Source records
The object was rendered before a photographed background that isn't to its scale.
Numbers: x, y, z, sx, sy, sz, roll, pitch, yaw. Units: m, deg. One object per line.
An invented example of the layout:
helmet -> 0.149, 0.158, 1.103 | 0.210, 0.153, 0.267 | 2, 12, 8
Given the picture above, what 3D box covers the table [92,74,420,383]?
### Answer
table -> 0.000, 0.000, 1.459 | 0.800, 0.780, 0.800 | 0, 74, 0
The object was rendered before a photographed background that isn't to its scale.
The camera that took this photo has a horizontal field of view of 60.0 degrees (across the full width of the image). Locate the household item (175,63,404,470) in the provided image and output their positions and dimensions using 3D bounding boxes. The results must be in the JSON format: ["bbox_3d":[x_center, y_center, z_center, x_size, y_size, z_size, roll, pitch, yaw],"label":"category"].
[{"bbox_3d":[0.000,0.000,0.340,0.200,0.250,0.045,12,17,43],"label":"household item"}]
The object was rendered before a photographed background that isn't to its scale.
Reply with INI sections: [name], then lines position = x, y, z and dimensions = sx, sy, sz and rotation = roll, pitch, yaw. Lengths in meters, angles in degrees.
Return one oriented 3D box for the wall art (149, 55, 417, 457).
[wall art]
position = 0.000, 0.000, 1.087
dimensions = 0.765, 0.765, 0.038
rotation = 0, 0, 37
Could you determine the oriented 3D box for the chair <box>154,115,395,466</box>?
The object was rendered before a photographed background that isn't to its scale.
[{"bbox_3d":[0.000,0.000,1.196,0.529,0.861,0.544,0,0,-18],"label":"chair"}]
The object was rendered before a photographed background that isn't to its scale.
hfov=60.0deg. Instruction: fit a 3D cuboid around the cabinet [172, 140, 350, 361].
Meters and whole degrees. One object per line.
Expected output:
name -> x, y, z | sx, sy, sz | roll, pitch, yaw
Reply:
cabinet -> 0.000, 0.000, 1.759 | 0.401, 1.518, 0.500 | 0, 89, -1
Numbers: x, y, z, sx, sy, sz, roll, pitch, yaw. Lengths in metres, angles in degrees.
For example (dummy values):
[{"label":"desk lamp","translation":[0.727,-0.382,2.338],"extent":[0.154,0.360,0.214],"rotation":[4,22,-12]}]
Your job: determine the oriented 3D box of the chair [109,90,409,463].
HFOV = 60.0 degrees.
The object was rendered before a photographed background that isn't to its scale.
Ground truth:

## WORK TASK
Please return only the lines above, starting at the line that has "The camera that" and ending at the line that has "Could you determine", keeping both and leaving each one unchanged.

## SOLUTION TO THIS EXERCISE
The camera that took this photo has a horizontal field of view of 60.0 degrees (across the full width of the image). Locate the household item (175,63,404,470) in the provided image and output their positions and dimensions using 3D bounding boxes. The results must be in the JSON format: ["bbox_3d":[x_center, y_center, z_center, x_size, y_size, z_size, roll, pitch, yaw],"label":"category"].
[{"bbox_3d":[0.000,0.000,0.340,0.200,0.250,0.045,12,17,43],"label":"household item"}]
The object was rendered before a photographed background that isn't to its scale.
Reply with INI sections: [name], then lines position = x, y, z and dimensions = sx, sy, sz and rotation = roll, pitch, yaw. Lengths in meters, angles in degrees.
Return one oriented 3D box for the wall art (149, 55, 417, 457).
[wall art]
position = 0.000, 0.000, 1.087
dimensions = 0.765, 0.765, 0.038
rotation = 0, 0, 37
Could you determine the oriented 3D box for the chair <box>154,115,395,466</box>?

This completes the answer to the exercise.